A trick from Arjovsky et al. (2020). Ermin Orhan summarises the method plus several negative results (Gulrajani and Lopez-Paz 2020; Rosenfeld, Ravikumar, and Risteski 2020) about IRM:

Take invariant risk minimization (IRM), one of the more popular domain generalization methods proposed recently. IRM considers a classification problem that takes place in multiple domains or environments, \(e_1, e_2, \ldots, e_E\) (in an image classification setting, these could be natural images, drawings, paintings, computer-rendered images etc.). We decompose the learning problem into learning a feature backbone \(\Phi\) (a featurizer), and a linear readout \(\beta\) on top of it. Intuitively, in our classifier, we only want to make use of features that are invariant across different environments (for instance, the shapes of objects in our image classification example), and not features that vary from environment to environment (for example, the local textures of objects). This is because the invariant features are more likely to generalize to a new environment. We could, of course, do the old, boring empirical risk minimization (ERM), your grandmother’s dumb method. This would simply lump the training data from all environments into one single giant training set and minimize the loss on that, with the hope that whatever features are more or less invariant across the environments will automatically emerge out of this optimization. Mathematically, ERM in this setting corresponds to solving the following well-known optimization problem (assuming the same amount of training data from each domain): \(\min _{\Phi, \beta} \frac{1}{E} \sum_c \mathfrak {R}^c(\Phi, \hat{\beta})\), where \(\mathfrak {R}^c\) is the empirical risk in environment \(e\). IRM proposes something much more complicated instead: why don’t we learn a featurizer with the same optimal linear readout on top of it in every environment? The hope is that in this way, the extractor will only learn the invariant features, because the non-invariant features will change from environment to environment and can’t be decoded optimally using the same fixed readout. The IRM objective thus involves a difficult bi-level optimization problem…

Does it though? The general IRM objective is difficult, but there is a simple approximation in the paper, IRMv1 which is claimed to be easier.

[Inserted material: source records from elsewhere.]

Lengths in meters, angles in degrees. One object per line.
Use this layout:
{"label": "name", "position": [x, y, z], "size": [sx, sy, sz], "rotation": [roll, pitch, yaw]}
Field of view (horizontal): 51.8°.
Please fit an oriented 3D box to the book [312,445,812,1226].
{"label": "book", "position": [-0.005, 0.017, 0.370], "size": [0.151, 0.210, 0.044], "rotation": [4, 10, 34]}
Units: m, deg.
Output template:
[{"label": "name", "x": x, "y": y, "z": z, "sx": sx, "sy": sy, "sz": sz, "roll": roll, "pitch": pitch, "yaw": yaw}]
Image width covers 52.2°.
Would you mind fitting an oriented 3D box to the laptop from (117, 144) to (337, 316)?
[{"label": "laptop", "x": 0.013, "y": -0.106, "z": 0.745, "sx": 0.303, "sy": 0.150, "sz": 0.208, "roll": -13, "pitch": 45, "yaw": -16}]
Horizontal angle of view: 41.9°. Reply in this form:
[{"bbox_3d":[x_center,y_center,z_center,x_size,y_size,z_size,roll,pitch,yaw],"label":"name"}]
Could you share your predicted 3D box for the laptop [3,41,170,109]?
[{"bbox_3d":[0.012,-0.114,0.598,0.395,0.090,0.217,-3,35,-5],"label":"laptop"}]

Either way, though, the critiques of (Gulrajani and Lopez-Paz 2020; Rosenfeld, Ravikumar, and Risteski 2020) are useful.

Interesting variants:

(Ahuja et al. 2022, 2020; Shah et al. 2021)


Conformal learning + distributional shift.

This Maori gentleman (name unspecified) from the 1800s demonstrates an artful transfer learning from the western fashion domain. Or maybe that is style transfer, I forget.

Justification for batch normalization

Apparently a thing? Should probably note some of the literature about that.



TLlib (Jiang et al. 2022) is an open-source and well-documented library for Transfer Learning. It is based on pure PyTorch with high performance and friendly API. Our code is pythonic, and the design is consistent with torchvision. You can easily develop new algorithms, or readily apply existing algorithms.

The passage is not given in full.